Friday, August 5, 2011

Sending Bulk Emails On a tight budget


Email insurers (ESPs) often say they're untouchable in relation to sending bulk emails. However we need to understand that sending emails is generally totally free is actually some knowhow sending bulk emails reliably with good deliverability can be carried out totally free. So before we yield on the ESPs and pay their grotesque fees, try get moving on it yourself.

Ubuntu Server and Postfix earn a very reliable, lightweight and versatile combination for sending bulk email so when configured correctly he or she can easily match an ESP's service. Even on your domestic 8MB ADSL connection it is possible to send thousands of emails each hour. My concentrate on this post is show you the right way to implement it with minimal cost. I will not get into the precise clicks and commands (it isn't a dummies guide) even so it has to be decent snapshot of my effective model.

Firstly, you'll need an ISP that's in a position to deliver several static IPs. BeThere offer 16 static IPs for about? 2 on a monthly basis such as ADSL connection. You become 1 WAN IP and 15 alias IPs. You may also do you need a reliable router able to handle several DMZs - I can recommend the Draytek Vigor 2820.

Principally the architecture comprises a reasonably powerful server that offers a dedicated virtual machine (VM) host using VMWare ESXi server. Your machine hosts 11 Ubuntu Servers (10 dedicated Postfix emailing servers, 1 dedicated DNS server) each only needing the minimum RAM (256MB) and minimum harddisk space (8GB). Every virtual machine has an area static IP (e. g. 192. 168. 1. 10 - 192. 168. 1. 21) each Postfix server placed individually in a DMZ. It feels right 10 dedicated mailing servers, each sending originating from a dedicated external IP (e. g. 84. 252. 220. 200 - 84. 252. 220. 210). Configure your company's domain to possess a corresponding subdomain per each IP (e. g. email1. domain. com along with An all-time to 84. 252. 220. 200, email2. domain. com comes with an A list to 84. 252. 220. 201 etc). Ask your ISP's DNS team to configure the needed corresponding reverse IP (84. 252. 220. 200 to email1. domain. com etc). Create an SPF record aided by the openspf project website and use it for a domain's DNS server (you might want to ask your domain's service provider when they can execute this ).
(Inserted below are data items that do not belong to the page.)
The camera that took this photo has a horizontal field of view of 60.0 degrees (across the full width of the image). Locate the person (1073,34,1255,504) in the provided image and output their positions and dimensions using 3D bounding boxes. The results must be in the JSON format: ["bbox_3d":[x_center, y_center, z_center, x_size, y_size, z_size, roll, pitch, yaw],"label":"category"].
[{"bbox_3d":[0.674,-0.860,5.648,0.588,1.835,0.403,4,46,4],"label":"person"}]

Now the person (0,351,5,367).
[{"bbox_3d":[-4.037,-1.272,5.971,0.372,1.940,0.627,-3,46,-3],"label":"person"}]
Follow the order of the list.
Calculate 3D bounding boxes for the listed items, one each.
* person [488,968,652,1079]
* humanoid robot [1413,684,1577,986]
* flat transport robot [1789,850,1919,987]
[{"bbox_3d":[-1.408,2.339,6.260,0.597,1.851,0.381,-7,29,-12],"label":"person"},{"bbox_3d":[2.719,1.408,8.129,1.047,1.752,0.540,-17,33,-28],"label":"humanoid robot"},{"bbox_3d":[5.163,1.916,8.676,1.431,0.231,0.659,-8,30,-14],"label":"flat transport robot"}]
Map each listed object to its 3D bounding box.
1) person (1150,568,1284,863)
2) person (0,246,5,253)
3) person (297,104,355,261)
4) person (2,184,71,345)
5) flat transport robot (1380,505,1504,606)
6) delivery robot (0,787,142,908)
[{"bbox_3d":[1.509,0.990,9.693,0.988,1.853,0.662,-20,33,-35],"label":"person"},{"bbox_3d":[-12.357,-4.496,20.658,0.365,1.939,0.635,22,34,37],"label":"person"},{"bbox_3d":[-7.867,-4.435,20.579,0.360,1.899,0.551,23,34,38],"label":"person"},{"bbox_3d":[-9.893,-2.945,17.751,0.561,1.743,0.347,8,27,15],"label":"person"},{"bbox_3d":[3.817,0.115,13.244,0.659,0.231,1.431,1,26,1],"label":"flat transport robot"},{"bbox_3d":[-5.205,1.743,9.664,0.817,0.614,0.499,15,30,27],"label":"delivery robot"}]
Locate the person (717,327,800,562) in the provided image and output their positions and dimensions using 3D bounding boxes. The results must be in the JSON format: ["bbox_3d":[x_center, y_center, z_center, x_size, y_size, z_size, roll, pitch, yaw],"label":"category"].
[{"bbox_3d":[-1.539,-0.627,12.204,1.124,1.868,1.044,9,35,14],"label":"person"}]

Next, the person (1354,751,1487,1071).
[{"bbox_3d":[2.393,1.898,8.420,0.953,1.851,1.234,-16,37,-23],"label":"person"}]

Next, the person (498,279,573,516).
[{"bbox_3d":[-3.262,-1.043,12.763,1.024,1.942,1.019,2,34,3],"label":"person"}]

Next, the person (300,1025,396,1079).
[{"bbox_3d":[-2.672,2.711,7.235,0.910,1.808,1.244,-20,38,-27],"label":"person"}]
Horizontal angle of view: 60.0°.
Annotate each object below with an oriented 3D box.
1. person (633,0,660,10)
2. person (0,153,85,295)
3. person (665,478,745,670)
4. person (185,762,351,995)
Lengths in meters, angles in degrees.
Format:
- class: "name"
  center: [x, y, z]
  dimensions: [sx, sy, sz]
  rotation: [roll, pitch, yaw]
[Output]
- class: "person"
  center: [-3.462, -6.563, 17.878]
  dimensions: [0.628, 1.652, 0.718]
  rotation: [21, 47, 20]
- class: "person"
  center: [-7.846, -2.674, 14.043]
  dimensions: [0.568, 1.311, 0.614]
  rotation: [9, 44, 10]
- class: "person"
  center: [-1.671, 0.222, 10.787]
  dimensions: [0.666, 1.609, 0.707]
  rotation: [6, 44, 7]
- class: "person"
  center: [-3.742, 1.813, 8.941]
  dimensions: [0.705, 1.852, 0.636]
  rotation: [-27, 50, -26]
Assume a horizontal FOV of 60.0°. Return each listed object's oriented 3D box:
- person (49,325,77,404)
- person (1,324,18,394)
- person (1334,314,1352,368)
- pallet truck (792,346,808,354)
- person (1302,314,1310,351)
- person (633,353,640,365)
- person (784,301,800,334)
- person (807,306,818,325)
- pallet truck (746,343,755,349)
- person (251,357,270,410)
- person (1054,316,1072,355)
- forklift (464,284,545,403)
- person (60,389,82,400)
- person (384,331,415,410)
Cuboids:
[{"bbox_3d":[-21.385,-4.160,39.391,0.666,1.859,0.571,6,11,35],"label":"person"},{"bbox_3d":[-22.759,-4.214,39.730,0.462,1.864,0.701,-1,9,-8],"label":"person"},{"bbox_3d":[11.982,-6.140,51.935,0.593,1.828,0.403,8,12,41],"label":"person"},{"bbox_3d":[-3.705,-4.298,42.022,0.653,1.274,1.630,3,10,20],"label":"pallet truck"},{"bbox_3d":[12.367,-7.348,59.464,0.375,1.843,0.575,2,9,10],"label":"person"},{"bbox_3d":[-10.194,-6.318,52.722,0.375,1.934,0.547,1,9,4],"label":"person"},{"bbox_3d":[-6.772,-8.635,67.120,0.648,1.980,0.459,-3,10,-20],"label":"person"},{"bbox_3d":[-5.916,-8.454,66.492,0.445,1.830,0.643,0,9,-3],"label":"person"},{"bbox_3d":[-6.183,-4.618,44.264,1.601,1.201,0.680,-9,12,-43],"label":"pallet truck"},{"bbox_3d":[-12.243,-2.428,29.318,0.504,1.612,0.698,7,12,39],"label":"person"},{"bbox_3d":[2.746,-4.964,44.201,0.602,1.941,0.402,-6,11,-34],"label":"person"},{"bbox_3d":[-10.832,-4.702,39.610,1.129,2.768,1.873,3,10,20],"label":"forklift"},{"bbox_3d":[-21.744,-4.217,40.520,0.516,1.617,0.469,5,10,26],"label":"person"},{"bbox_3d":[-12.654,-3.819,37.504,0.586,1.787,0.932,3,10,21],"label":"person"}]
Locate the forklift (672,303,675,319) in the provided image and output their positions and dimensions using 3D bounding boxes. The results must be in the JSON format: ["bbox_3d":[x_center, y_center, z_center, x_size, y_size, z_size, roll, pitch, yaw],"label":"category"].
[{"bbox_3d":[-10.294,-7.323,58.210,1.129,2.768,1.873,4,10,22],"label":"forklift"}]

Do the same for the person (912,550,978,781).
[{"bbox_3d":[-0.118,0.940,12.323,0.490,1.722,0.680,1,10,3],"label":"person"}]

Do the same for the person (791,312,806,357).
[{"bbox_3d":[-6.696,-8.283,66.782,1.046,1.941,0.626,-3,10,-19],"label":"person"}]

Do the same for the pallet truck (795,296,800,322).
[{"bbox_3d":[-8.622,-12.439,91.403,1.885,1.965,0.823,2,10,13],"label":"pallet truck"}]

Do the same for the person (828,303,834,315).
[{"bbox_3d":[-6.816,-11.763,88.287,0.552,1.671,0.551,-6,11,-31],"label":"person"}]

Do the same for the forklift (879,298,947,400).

Download ESXi server from VMWare's website and signup to discover the licence key. It's actually a very easy to use install (assuming your machine works iwth ). Next, install an Ubuntu VM with default settings (naming it e. g. email1. domain. com) and install Postfix (again default settings). Configure a static IP, DomainKeysDKIM and export individuals answer to your domain's DNS server. Use telnet in the linux terminal to ensure you're able to send emails that can be DomainKeys/DKIM signed and SPF authenticated. Getting almost all these to work together correctly might be a tiny nightmare therefore the Ubuntu community guides are priceless. Once all set to test, Google Mail is definitely a good choice for viewing an email's full source and will allow you to verify the IP it originated (e. g. 84. 252. 220. 200), its corresponding website name (email1. domain. com), whether or not the DomainKeys/DKIM signature passed and whether your SPF record is setup correctly.

SPF, DKIM and DomainKeys passing Gmail

Congratulations! You can have an avid Ubuntu Postfix mailing server. Now, come up with a second Ubuntu server virtual machine and install BIND, this can be the dedicated DNS server (named e. g. emaildns). Configure the forward lookup to whatever you fancy (Make the most of OpenDNS) and test its abilities using nslookup. Reconfigure your dedicated emailing server's (email1 or everything you could referred to it as ) default DNS server to emaildns. We would like the whole Ubuntu Postfix mailing servers querying here so our network isn't delayed over time and bandwidth consuming DNS lookups.

Once you're happy everything's being employed as it needs to you can shutdown email1 and copy the files 9 times to clone the VM or manually do the installation 9 more times. Cloning VMs is able to bring up issues like duplicate NICs and then in my experience when you've setup 1 email server different ones make a fraction of that time period. Ensure all have a similar DomainKeys/DKIM private key!

When you're finished you will be getting 10 dedicated Ubuntu Postfix servers eager to deliver your mail from 10 separate external IPs. Whatever software you have to bring about and send your emails should handle 10 SMTP servers; Campaign Enterprise certainly can that has a tiny amount of configuration.

The Final Result

Now you might have ten dedicated Ubuntu Postfix email servers, all really small, lightweight installations that demand little or no CPU load utilizing their own external IPs (and hostnames) setup to question a similar DNS server.

The best benefit? I achieve industry degrees of deliverability making use of this model to provide a source exception of one's server and ADSL contract it's free! I've even recently was built with a call from Return Path asking whether I desired any help. After discussing my stats they concluded they couldn't help! Awesome.

Now, to very much optimize your server's mailing performance, see my post on Performance Tuning Postfix for sending bulk email.